With these points in mind, some scholars have identified an underlying medical bias in how sexual issues are treated in women who have undergone FGM/C (Earp, 2020). A reductive focus on the role of genitalia and a neglect of other important dimensions of sexuality can negatively impact a woman's body image and sexual self-esteem. The studies in question have recommended avoiding comments that could cause feelings of body shame or imply a loss of sexual capacity (Villani, 2015; Palm et al., 2019). Other scholars have explored the emotional burden shouldered by women who have undergone FGM/C. For instance, one recent study notes the importance of not only providing such women with anatomical knowledge but also dispelling myths and combatting misinformation about female sexual anatomy and physiology (Abdulcadir et al., 2020). Although this task may appear too formidable and important to carry out in the context of an ordinary appointment with a gynecologist, addressing such topics in a comprehensive and inclusive manner appears essential if professionals are to avoid reproducing heteronormative and cissexist views, which represent a frequent source of medical bias (Payne and Smith, 2016). Examples of important themes that such biases have caused to be overlooked in the literature include the sexuality of lesbians who have undergone FGM/C.

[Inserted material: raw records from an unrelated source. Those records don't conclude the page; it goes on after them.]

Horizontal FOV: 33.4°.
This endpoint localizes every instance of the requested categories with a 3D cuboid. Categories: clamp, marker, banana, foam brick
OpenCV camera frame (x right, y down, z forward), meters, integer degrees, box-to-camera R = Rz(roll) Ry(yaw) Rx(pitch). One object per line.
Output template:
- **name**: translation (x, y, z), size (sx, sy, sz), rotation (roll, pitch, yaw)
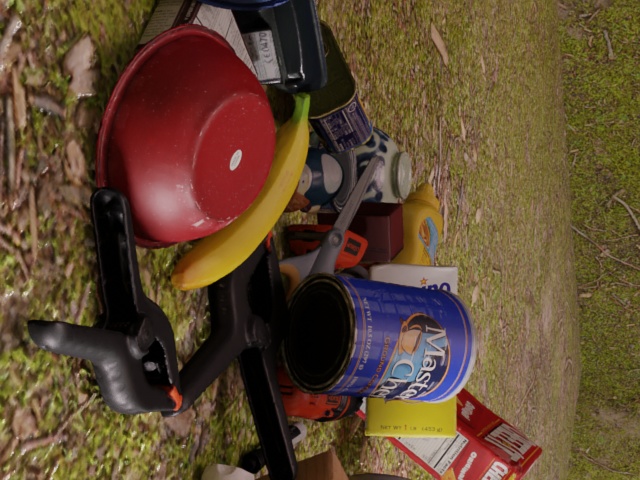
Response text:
- **clamp**: translation (-0.129, 0.051, 0.702), size (0.171, 0.039, 0.120), rotation (68, 36, -54)
- **marker**: translation (-0.041, 0.190, 0.978), size (0.121, 0.020, 0.020), rotation (-14, 104, -70)
- **banana**: translation (-0.058, -0.028, 0.854), size (0.197, 0.037, 0.069), rotation (-60, 148, -25)
- **foam brick**: translation (0.044, -0.009, 1.119), size (0.051, 0.078, 0.053), rotation (-42, 132, -65)
- **clamp**: translation (-0.057, 0.088, 0.871), size (0.164, 0.036, 0.210), rotation (51, 36, -40)

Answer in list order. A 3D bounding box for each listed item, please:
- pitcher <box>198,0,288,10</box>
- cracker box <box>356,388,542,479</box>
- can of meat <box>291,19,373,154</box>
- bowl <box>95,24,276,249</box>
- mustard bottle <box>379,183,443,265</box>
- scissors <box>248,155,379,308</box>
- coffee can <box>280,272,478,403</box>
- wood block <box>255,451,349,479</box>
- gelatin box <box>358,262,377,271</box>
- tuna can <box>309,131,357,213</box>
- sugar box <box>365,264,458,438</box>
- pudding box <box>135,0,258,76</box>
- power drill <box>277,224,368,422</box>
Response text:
- **pitcher**: translation (-0.035, -0.289, 0.777), size (0.149, 0.145, 0.242), rotation (47, 39, -38)
- **cracker box**: translation (0.136, 0.202, 1.192), size (0.072, 0.214, 0.164), rotation (-56, 163, 10)
- **can of meat**: translation (0.005, -0.140, 0.996), size (0.084, 0.057, 0.102), rotation (54, 12, -63)
- **bowl**: translation (-0.079, -0.064, 0.737), size (0.161, 0.055, 0.162), rotation (-36, 136, -45)
- **mustard bottle**: translation (0.102, 0.016, 1.217), size (0.096, 0.058, 0.191), rotation (64, 37, -51)
- **scissors**: translation (-0.006, 0.001, 0.967), size (0.096, 0.016, 0.201), rotation (20, 75, -26)
- **coffee can**: translation (0.051, 0.086, 0.924), size (0.140, 0.103, 0.103), rotation (10, 80, -36)
- **wood block**: translation (-0.011, 0.264, 0.821), size (0.206, 0.090, 0.091), rotation (-90, 155, -71)
- **gelatin box**: translation (0.068, 0.016, 1.256), size (0.073, 0.030, 0.089), rotation (64, 33, -51)
- **tuna can**: translation (0.009, -0.069, 1.083), size (0.086, 0.034, 0.086), rotation (1, 90, -70)
- **sugar box**: translation (0.094, 0.114, 1.099), size (0.048, 0.093, 0.176), rotation (93, -2, -81)
- **pudding box**: translation (-0.089, -0.132, 0.801), size (0.113, 0.039, 0.090), rotation (70, 29, -49)
- **power drill**: translation (0.007, 0.085, 1.050), size (0.184, 0.057, 0.187), rotation (27, 66, -68)
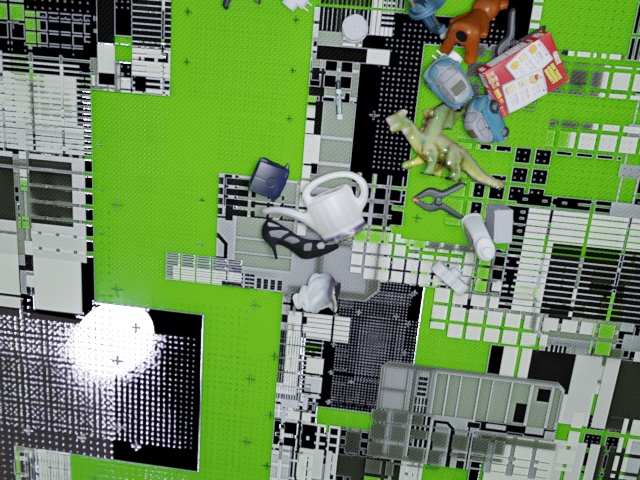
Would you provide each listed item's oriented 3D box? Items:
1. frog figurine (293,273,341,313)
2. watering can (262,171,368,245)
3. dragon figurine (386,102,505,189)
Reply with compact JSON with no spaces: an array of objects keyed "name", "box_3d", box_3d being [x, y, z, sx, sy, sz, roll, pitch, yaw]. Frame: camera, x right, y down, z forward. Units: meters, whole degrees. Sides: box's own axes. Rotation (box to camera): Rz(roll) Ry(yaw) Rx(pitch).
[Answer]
[{"name":"frog figurine","box_3d":[-0.019,0.178,1.731,0.159,0.121,0.139,-1,71,15]},{"name":"watering can","box_3d":[0.005,-0.084,1.668,0.347,0.105,0.223,-24,100,8]},{"name":"dragon figurine","box_3d":[0.393,-0.307,1.591,0.410,0.123,0.242,10,96,-6]}]

More recent studies dealing with clitoral reconstruction have explored the relationship between stigma and gender norms (O'Neill et al., 2021; Jordal et al., 2022; Villani, 2022) by analyzing the impact of migration on the perception of self as a “mutilated” woman (Johnsdotter and Essén, 2016). For their part, postcolonial feminist critiques have highlighted how “othering” processes racialize those who have undergone FGM/C. For instance, Black women, even those born or raised in Europe, are ascribed an Africanness that serves to associate the practice with the “other” (Ahmadu and Shweder, 2009; Villani, 2015). The difficulty of framing FGM/C in a way that avoids the pitfalls often associated with discourses of cultural relativism and universal human rights (Evans, 2020) has led researchers to treat the practice as part of a broader continuum (Fusaschi, 2023). Drawing parallels with other interventions (male circumcision, intersex surgery, labia minora reduction, etc.) that alter genitalia in ways designed to reinforce the male/female dichotomy can open new avenues for reflection (Earp et al., 2023). Finally, issues around clitoral reconstruction serve to highlight the need for a multidisciplinary and holistic approach to genital alteration as it is practiced in the Global North (Villani, 2015; De Schrijver et al., 2016; Jordal and Griffin, 2018).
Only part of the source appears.